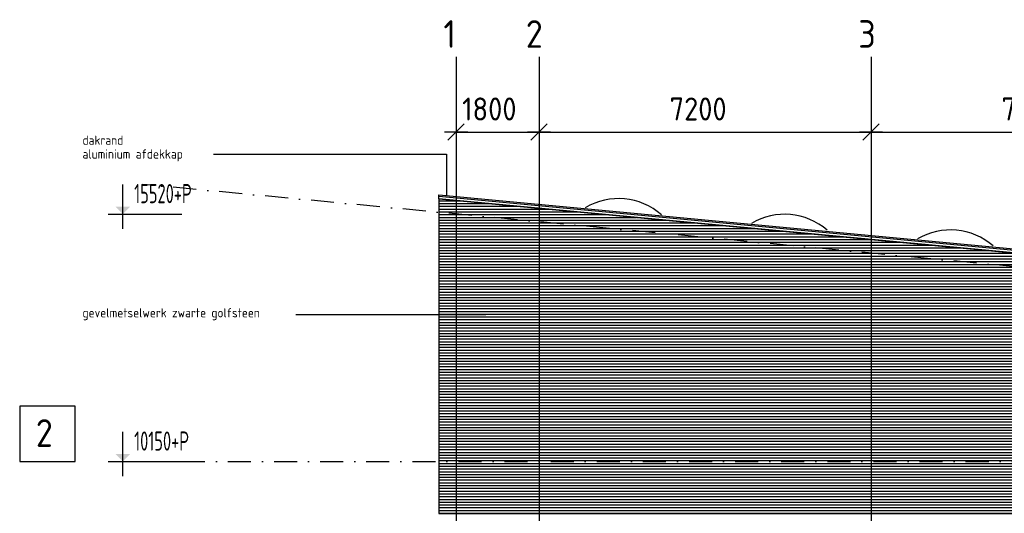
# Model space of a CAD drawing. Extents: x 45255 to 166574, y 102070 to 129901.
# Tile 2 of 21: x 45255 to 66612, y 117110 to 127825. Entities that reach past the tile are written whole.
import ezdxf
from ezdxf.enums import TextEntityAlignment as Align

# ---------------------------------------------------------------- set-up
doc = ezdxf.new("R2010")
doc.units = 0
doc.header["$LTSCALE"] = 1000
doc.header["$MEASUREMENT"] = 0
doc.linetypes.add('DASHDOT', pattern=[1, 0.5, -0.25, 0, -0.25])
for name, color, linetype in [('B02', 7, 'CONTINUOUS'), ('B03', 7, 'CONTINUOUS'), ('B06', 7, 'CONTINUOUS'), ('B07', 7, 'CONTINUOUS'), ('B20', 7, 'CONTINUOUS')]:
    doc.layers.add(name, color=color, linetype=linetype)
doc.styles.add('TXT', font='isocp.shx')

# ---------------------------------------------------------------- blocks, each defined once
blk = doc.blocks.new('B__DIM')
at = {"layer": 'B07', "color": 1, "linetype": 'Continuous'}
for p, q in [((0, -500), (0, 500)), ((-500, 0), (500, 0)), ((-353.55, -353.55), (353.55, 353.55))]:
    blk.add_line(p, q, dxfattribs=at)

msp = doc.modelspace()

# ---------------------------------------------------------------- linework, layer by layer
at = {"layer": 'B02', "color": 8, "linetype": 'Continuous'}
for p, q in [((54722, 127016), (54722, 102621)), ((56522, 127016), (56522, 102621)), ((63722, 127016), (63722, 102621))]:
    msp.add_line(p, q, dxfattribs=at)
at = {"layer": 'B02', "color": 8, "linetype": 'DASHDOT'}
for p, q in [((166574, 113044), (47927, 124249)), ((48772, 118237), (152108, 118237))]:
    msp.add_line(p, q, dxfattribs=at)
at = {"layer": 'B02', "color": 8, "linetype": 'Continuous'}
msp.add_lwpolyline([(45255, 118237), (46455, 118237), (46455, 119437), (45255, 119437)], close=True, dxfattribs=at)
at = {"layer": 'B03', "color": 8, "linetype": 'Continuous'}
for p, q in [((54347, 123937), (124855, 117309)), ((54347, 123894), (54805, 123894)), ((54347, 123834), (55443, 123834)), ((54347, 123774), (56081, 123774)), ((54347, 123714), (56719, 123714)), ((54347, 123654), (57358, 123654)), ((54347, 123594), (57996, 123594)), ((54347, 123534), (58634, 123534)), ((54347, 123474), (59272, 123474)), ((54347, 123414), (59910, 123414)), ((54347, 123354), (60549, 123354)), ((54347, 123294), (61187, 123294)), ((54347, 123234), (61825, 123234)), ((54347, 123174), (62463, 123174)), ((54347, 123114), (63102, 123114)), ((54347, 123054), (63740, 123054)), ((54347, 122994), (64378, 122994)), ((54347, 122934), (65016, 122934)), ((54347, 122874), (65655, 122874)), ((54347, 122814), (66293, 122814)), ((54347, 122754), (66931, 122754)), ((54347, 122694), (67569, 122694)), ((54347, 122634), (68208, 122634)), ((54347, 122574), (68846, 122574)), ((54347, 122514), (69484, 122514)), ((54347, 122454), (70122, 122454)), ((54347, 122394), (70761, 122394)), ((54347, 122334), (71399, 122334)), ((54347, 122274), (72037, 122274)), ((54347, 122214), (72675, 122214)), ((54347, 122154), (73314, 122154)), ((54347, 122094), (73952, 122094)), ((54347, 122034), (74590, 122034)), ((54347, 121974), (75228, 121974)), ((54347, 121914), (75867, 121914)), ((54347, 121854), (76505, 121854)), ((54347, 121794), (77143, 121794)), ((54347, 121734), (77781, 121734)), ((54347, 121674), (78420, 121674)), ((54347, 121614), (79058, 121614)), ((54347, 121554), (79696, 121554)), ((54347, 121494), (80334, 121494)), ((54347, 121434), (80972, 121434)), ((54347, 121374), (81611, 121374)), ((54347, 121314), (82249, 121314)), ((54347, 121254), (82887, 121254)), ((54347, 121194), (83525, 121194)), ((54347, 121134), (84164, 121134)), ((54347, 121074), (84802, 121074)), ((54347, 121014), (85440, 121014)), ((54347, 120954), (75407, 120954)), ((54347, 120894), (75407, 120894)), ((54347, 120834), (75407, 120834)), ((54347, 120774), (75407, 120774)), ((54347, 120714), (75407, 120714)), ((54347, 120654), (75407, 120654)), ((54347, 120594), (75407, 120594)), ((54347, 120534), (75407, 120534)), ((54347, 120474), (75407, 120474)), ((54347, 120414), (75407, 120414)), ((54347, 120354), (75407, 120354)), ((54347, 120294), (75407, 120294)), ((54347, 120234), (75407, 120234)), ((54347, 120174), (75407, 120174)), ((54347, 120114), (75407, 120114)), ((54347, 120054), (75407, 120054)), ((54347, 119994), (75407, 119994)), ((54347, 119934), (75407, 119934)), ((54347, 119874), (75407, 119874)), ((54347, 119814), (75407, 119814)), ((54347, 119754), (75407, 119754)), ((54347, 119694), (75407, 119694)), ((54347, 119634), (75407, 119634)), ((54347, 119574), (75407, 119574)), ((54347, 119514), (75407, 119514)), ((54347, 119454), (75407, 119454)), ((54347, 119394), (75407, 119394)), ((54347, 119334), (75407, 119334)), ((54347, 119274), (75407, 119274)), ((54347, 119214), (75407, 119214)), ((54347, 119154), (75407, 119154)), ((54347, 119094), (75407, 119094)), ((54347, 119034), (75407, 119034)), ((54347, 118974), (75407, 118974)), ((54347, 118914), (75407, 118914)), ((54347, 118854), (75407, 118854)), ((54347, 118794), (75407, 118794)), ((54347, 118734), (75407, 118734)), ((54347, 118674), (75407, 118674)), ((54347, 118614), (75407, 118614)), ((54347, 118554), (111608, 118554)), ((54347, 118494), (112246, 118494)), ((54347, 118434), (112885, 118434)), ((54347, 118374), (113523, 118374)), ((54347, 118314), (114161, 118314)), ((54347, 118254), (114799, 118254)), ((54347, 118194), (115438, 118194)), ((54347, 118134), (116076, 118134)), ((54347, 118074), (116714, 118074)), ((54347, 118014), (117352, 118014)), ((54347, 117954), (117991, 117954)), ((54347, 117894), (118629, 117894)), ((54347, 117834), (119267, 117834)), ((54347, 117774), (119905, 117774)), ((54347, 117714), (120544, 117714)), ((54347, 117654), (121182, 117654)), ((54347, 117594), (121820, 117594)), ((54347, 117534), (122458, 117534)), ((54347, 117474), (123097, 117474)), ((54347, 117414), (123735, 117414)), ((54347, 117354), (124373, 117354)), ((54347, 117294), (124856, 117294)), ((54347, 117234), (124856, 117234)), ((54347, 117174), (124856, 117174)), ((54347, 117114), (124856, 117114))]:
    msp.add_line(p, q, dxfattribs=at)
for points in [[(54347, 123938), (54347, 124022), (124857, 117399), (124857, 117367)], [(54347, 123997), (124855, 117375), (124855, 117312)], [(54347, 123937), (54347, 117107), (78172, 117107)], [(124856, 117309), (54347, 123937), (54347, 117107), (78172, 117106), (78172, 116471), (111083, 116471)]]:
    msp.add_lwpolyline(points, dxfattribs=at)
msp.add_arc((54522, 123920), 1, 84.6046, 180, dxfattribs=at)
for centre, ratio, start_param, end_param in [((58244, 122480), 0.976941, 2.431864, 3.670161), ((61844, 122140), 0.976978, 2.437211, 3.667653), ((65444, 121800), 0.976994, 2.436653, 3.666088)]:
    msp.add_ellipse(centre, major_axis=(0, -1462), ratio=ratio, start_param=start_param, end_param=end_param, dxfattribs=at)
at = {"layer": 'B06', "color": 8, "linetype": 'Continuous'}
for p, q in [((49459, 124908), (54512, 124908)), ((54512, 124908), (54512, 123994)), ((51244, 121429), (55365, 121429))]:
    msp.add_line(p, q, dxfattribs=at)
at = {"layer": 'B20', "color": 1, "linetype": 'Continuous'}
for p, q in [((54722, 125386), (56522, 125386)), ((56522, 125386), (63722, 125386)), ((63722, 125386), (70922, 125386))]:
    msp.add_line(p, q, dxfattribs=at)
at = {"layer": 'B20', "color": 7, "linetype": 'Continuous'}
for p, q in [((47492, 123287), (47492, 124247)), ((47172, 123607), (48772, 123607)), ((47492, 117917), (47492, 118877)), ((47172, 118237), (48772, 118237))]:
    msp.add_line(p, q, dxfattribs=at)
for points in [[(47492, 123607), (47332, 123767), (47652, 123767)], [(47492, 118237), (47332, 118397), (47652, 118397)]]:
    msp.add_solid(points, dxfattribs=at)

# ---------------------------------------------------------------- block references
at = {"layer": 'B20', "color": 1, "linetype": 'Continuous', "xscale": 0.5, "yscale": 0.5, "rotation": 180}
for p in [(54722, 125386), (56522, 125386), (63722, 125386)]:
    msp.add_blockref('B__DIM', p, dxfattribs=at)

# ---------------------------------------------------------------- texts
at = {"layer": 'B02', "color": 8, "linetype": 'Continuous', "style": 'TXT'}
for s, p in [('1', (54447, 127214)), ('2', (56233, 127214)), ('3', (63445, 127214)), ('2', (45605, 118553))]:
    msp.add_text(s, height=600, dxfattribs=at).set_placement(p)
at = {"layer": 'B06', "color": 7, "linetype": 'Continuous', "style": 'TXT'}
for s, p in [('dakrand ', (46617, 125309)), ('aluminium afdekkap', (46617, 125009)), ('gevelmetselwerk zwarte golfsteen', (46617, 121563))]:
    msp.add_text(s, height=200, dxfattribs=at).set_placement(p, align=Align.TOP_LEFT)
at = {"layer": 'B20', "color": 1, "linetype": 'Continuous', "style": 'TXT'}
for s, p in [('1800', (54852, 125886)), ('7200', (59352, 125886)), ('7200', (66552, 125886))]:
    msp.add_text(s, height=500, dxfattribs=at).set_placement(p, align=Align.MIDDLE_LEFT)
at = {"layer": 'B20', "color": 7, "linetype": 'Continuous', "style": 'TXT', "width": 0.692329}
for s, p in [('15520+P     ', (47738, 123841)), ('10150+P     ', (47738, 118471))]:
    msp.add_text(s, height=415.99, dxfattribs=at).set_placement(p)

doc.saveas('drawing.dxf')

#### Task brief:
In the records above, find each line that mentions the string "height", then copy it.

#### Problem solution:
    msp.add_text(s, height=600, dxfattribs=at).set_placement(p)
    msp.add_text(s, height=200, dxfattribs=at).set_placement(p, align=Align.TOP_LEFT)
    msp.add_text(s, height=500, dxfattribs=at).set_placement(p, align=Align.MIDDLE_LEFT)
    msp.add_text(s, height=415.99, dxfattribs=at).set_placement(p)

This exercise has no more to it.